### What is expected
What you produce should be the lines from the line containing "The height and" through the last line below, both ends included, reproduced exactly and without pictures.

### Dataset
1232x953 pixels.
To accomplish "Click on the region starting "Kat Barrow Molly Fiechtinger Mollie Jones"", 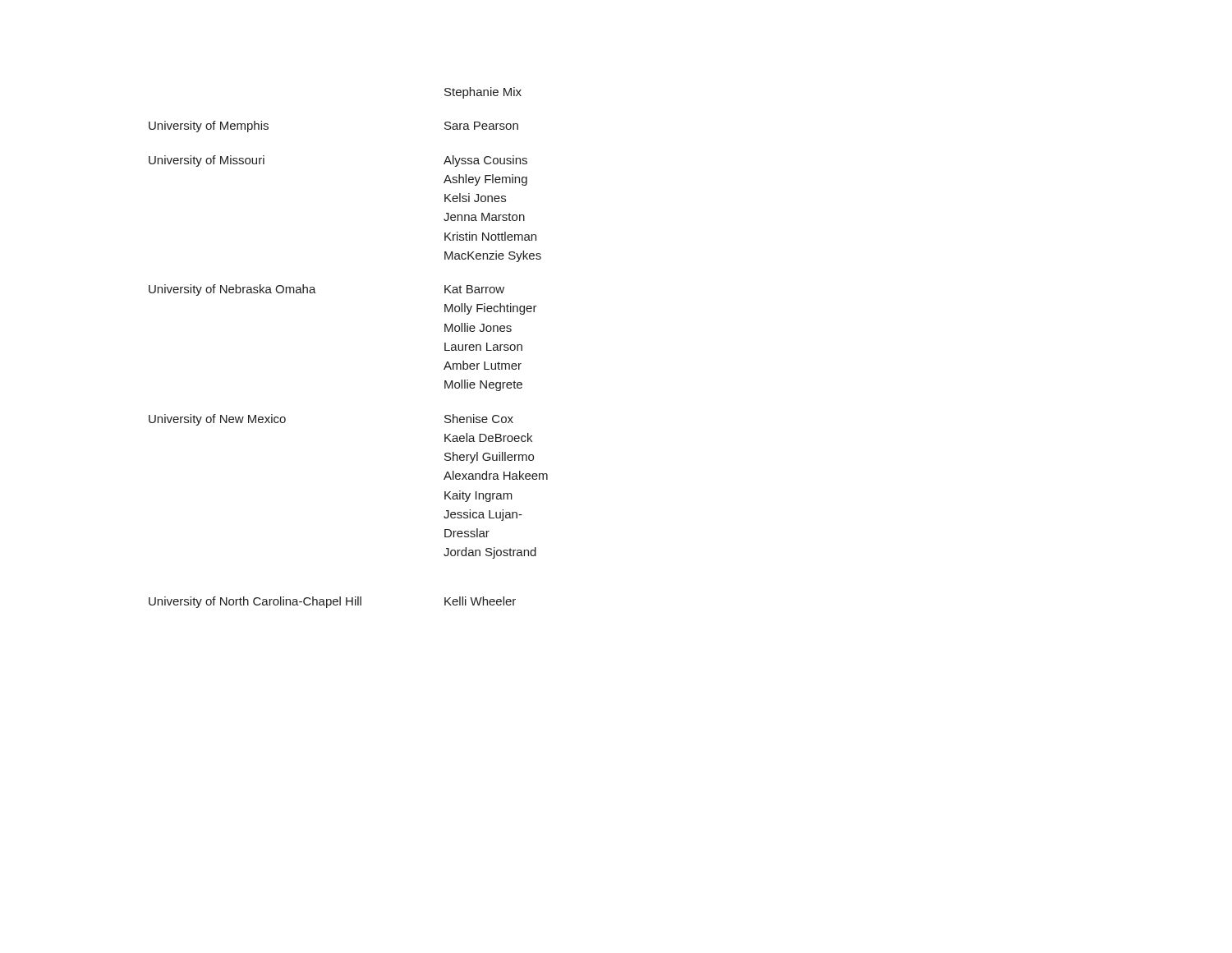I will coord(490,337).
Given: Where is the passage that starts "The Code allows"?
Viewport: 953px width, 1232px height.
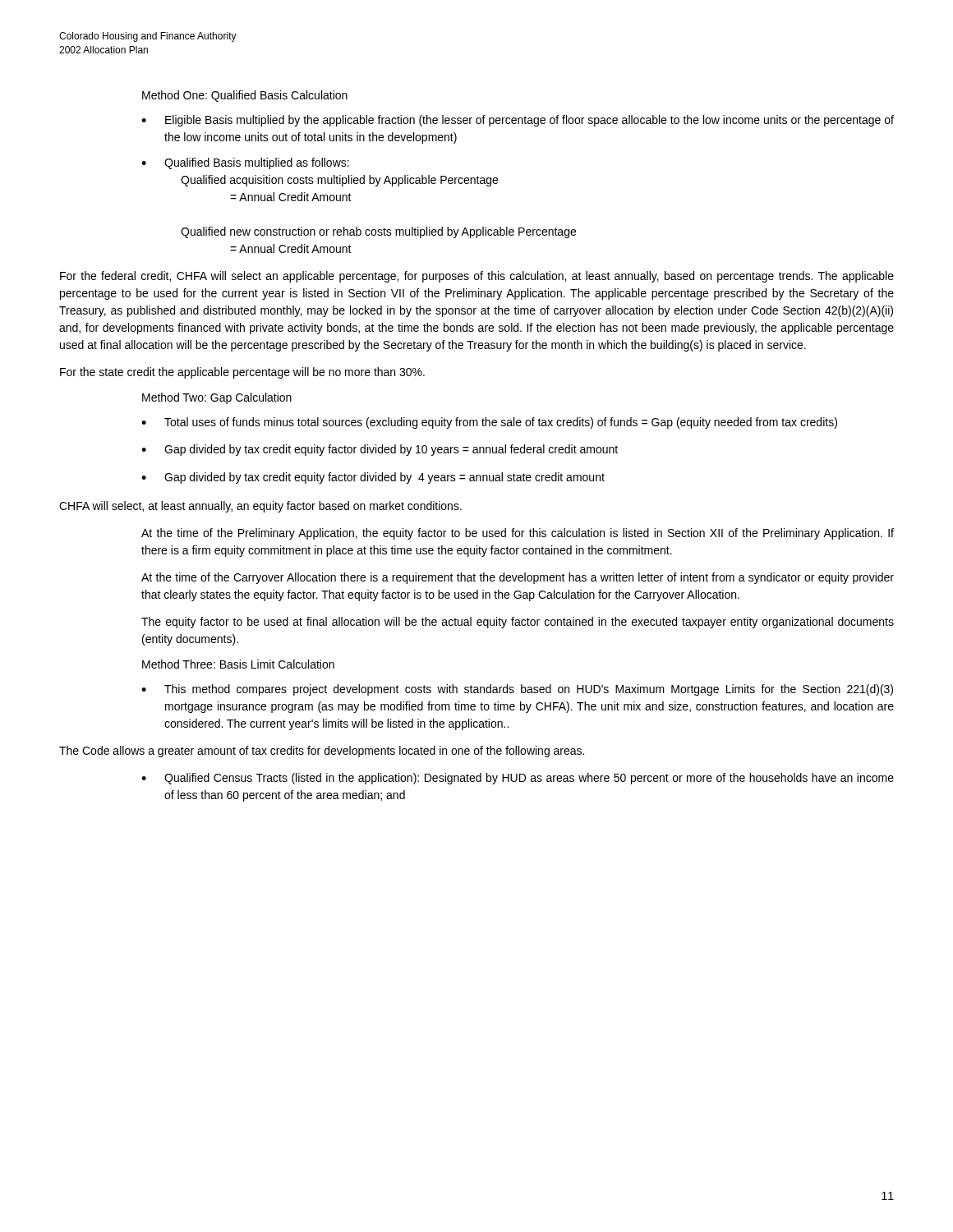Looking at the screenshot, I should click(x=322, y=751).
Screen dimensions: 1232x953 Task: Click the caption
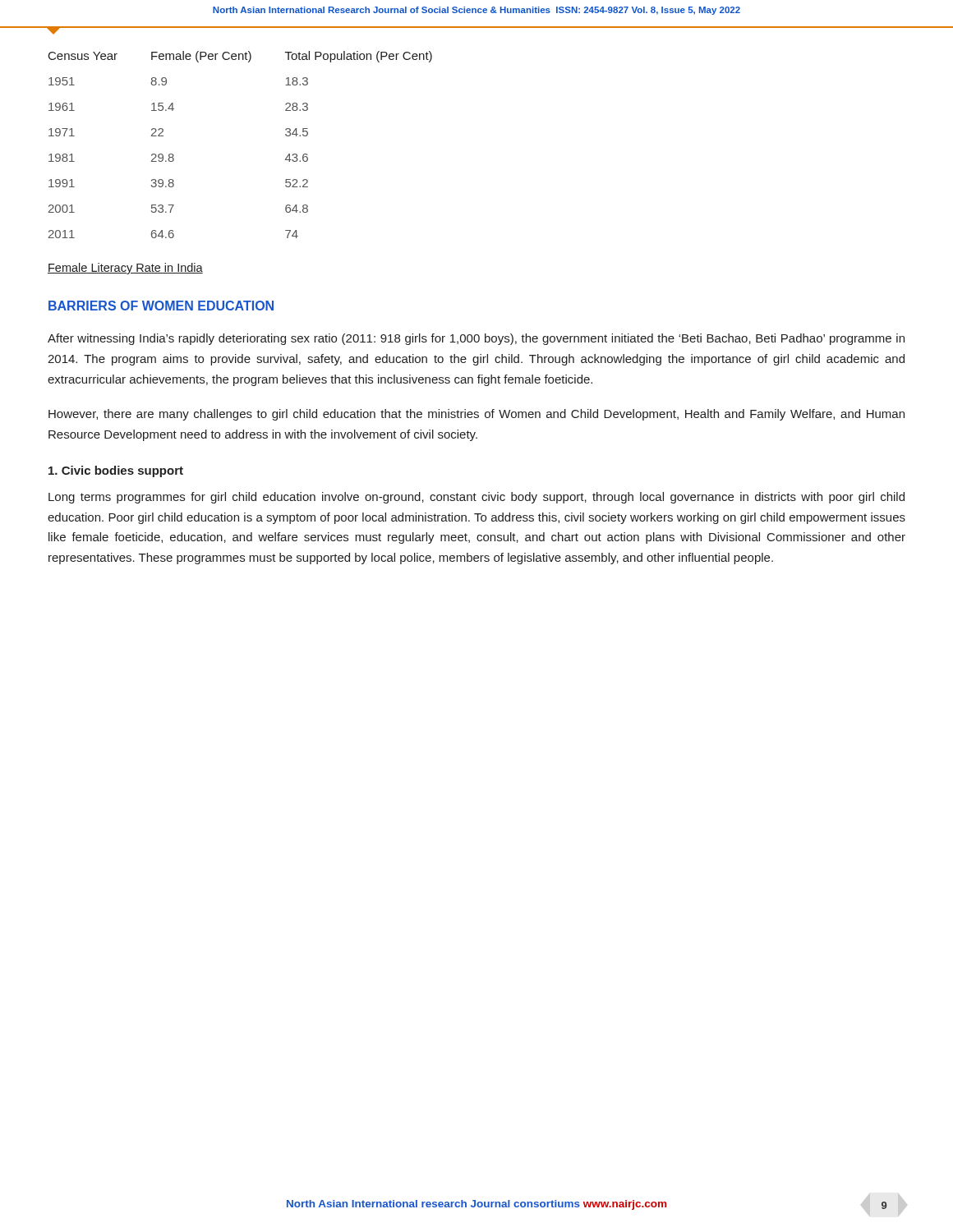point(125,268)
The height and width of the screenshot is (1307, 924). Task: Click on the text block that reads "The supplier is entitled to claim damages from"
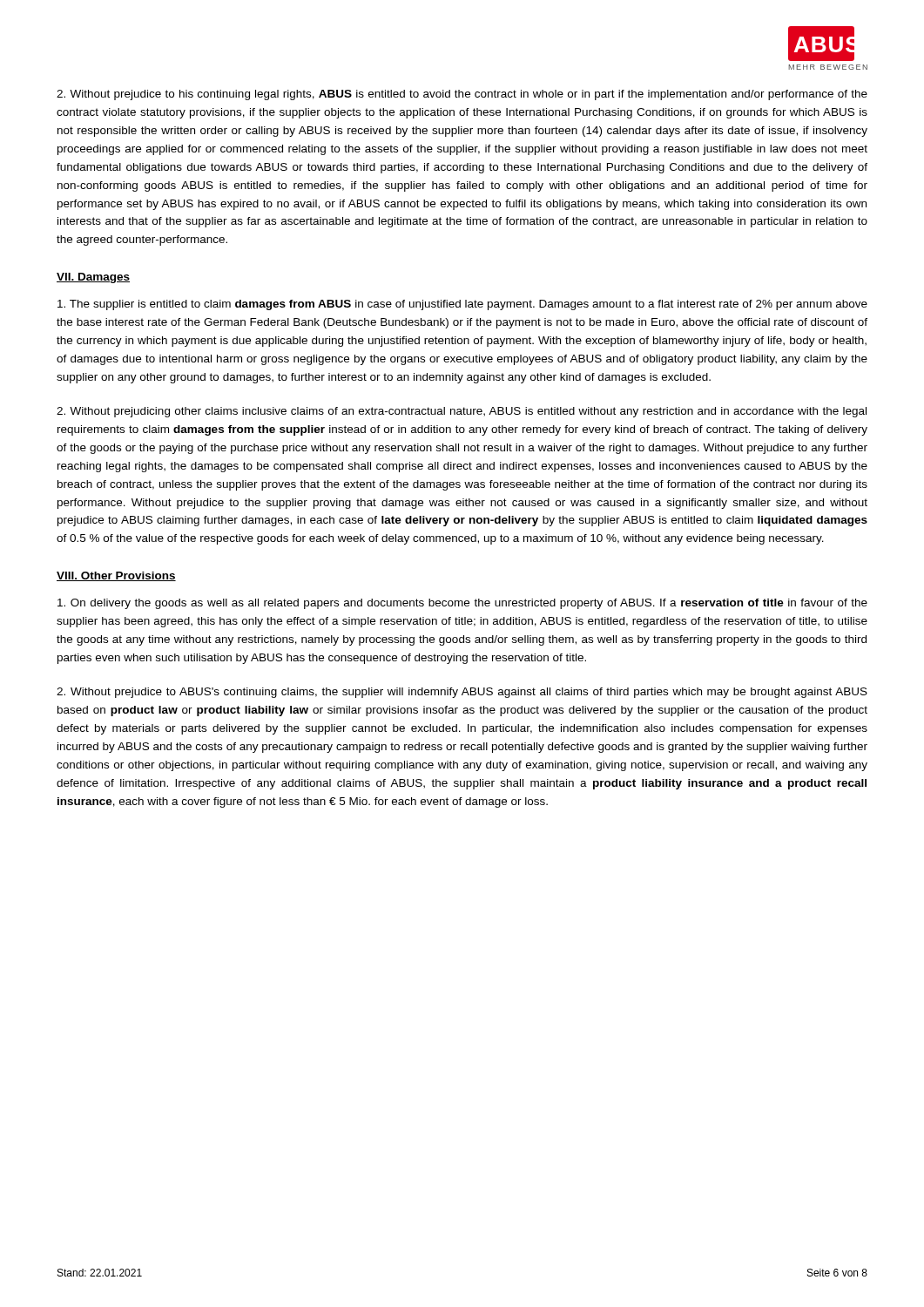[462, 340]
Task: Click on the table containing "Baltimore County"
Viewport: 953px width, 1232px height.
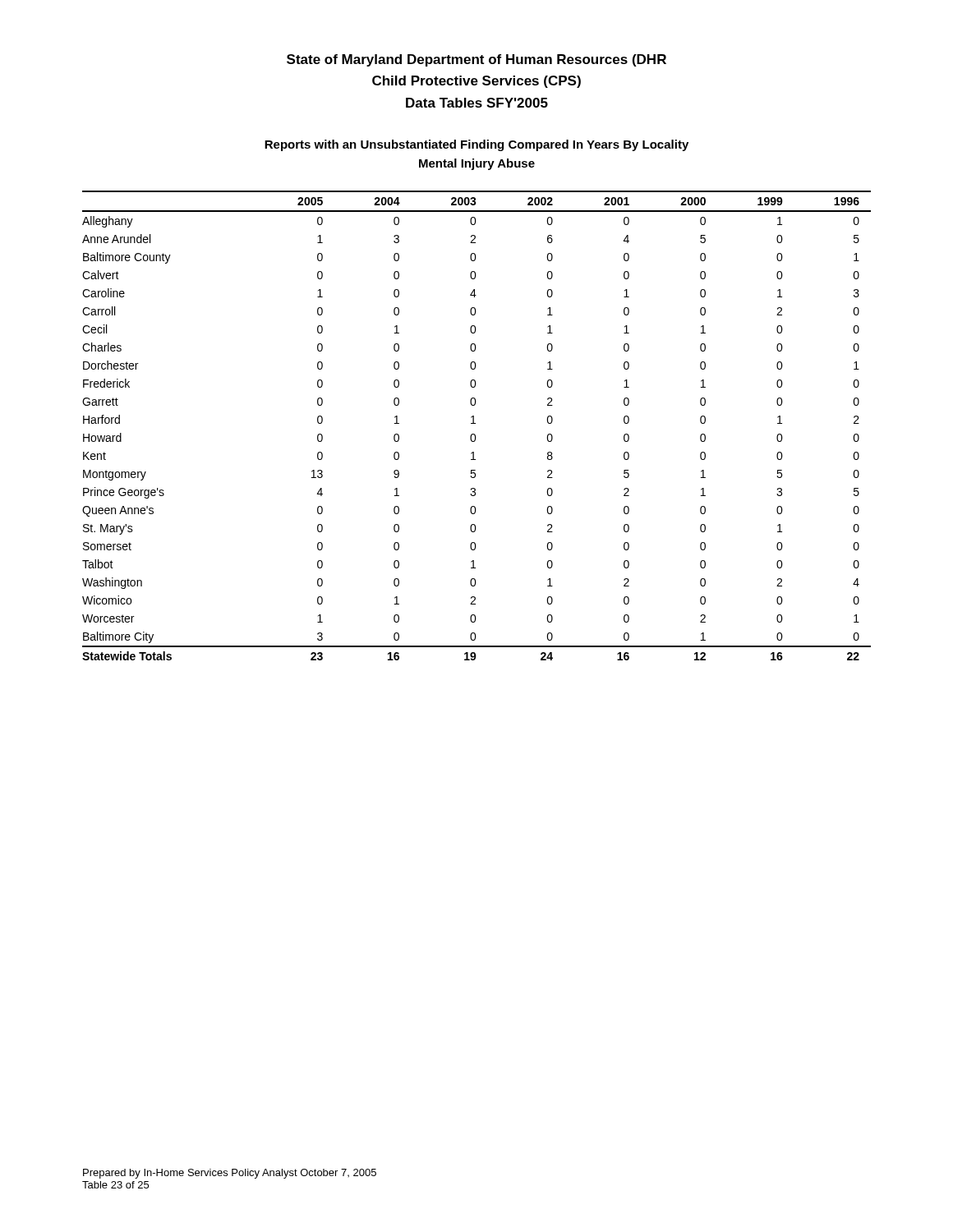Action: [476, 428]
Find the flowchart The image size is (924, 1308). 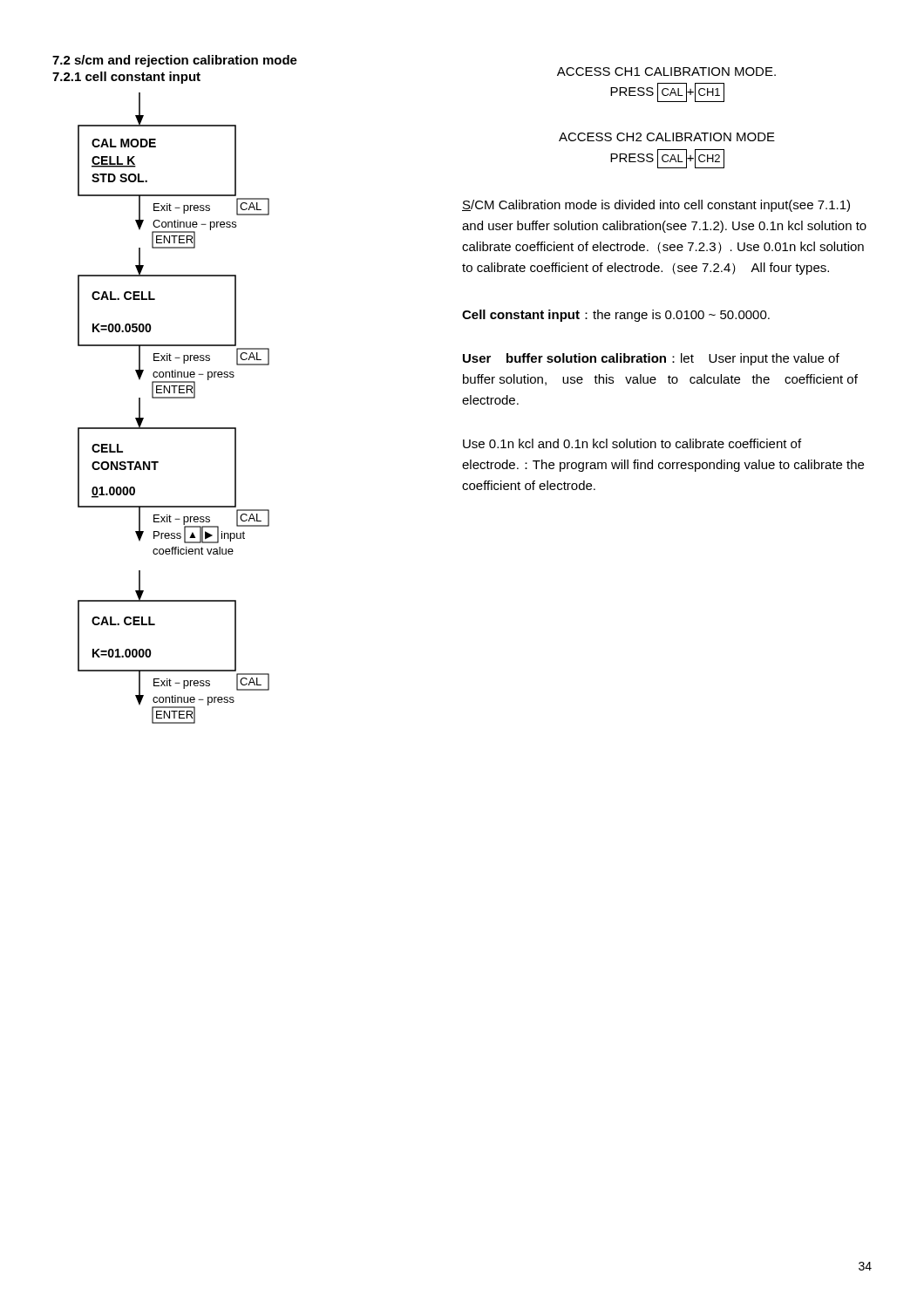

### Result for this task
The height and width of the screenshot is (1307, 924). Task: Click on the text block that reads "The supplier is entitled to claim damages from"
[462, 340]
Task: Click on the table containing "Baltimore County"
Viewport: 953px width, 1232px height.
Action: [476, 428]
Find the flowchart The image size is (924, 1308). 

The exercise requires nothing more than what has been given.